According to the NHS, symptoms of Ménière's disease include:
Feeling like you or everything around you is spinning (vertigo)
Losing your balance
Ringing or buzzing sounds in 1 or both ears (tinnitus)
Hearing loss
Feeling pressure, discomfort or pain deep inside your ear
Feeling or being sick
AI can accurately diagnose 90% of medical conditions from just the symptoms
Let’s see how Doctor A.I Chat got on overall. Here are the full list of results results:
Medical condition | Results of AI diagnosis |
Athlete's Foot | Correct |
Bacterial vaginosis | Correct |
Baker's cyst | Correct |
Bell's Palsy | Correct |
Bladder stones | Incorrect |
Bronchiolitis | Correct |
Cellulitis | Correct |
Chest infection | Correct |
Conjunctivitis | Correct |
Croup | Correct |
Ear infection | Correct |
Fibroids | Incorrect |
Flu | Correct |
Genital herpes | Correct |
Glue ear | Incorrect |
Gonorrhoea | Incorrect |
Hives | Correct |
Huntington's Disease | Correct |
Inflammatory Bowel Disease | Correct |
Iron deficiency anaemia | Correct |
Lyme disease | Correct |
Mastitis | Correct |
Meningitis | Correct |
Oral thrush | Correct |
Piles (haemorrhoids) | Correct |
Raynaud's | Correct |
Reflux | Correct |
Sciatica | Correct |
Shin splints | Correct |
Shingles | Correct |
Sinusitis | Correct |
Sleep apnoea | Correct |
Stomach ulcer (peptic ulcer) | Correct |
Stye | Correct |
Syphilis | Correct |
Tinnitus | Correct |
Tonsillitis | Correct |
Ulcerative colitis | Correct |
Underactive thyroid (hypothyroidism) | Correct |
Whooping cough | Correct |
AI exhibits an impressive capability to accurately diagnose 90% of common medical conditions based solely on symptoms. After inputting the symptoms of 40 medical conditions (from the NHS site), ChatGPT gave 36 accurate diagnoses out of 40, without even seeing a patient in person.

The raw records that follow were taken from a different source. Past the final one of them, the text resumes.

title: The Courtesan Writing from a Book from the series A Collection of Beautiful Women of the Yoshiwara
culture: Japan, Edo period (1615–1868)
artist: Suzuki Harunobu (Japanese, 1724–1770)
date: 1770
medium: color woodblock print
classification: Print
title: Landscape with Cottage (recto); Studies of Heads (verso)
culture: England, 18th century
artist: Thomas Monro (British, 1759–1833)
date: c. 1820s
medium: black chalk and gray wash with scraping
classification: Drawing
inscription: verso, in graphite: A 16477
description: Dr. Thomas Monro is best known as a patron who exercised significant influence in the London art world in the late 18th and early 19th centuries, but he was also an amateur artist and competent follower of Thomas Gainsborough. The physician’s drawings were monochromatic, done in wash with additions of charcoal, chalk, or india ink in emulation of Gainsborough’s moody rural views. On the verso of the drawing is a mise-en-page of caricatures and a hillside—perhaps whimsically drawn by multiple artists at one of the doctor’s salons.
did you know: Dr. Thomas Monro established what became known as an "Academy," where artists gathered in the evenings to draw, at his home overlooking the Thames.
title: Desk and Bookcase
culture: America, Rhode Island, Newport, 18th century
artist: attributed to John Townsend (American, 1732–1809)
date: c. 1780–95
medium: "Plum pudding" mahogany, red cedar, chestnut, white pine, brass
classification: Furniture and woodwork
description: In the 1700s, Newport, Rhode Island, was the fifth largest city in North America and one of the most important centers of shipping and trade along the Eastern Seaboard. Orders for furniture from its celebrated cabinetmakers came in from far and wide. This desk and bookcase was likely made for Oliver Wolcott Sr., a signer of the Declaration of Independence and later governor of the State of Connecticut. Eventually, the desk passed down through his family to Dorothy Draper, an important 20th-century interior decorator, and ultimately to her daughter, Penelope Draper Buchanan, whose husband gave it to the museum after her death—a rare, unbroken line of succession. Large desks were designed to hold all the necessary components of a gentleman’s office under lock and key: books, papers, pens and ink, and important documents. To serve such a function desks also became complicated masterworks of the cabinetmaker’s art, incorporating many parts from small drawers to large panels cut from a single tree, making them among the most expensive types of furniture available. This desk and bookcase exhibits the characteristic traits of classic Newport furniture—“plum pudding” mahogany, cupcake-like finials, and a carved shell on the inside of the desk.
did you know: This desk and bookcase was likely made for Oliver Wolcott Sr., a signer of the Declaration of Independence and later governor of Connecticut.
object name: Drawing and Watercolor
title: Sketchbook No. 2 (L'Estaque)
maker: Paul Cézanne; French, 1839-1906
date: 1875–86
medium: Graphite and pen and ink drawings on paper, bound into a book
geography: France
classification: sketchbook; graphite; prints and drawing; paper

AI has the potential to swiftly and accurately diagnose illnesses within seconds, offering an accuracy rate of 90% right now. With the prospect of further technological advancements, it raises the question of whether AI could also venture into prescribing treatments with precise dosages? Such a development could revolutionise GP surgeries, addressing the issue of extensive waiting times and the frequent unavailability of face-to-face appointments.
Is AI ready to become a doctor?
Despite these promising possibilities, it is important to acknowledge the limitations of AI in the medical realm. AI lacks nuance, a patient’s personal medical history, and it obviously can’t conduct physical examinations right now. Plus, most importantly, trust with the public will need to be established, and is a significant hurdle to overcome.
However, even within these constraints, AI has the potential to substantially reduce the time doctors spend on diagnoses, assist in improving the accuracy of diagnoses made by human professionals, and enhance overall patient care.
This is just the beginning of AI's integration into the medical field. With our experiment suggesting an accuracy rate of 90% in diagnosing common medical conditions, this highlights its potential.
Could the initial step be medical professionals harnessing AI for faster patient care?
Methodology
We selected a random sample of 40 medical conditions from the NHS site that patients would typically seek a GP's diagnosis for initially. We input the exact symptoms listed on the NHS website for each condition and asked ChatGPT to provide a diagnosis. If ChatGPT suggested the correct medical condition in its response, we marked it as a correct diagnosis. If the correct diagnosis was absent from its suggestions, we marked it as an incorrect diagnosis.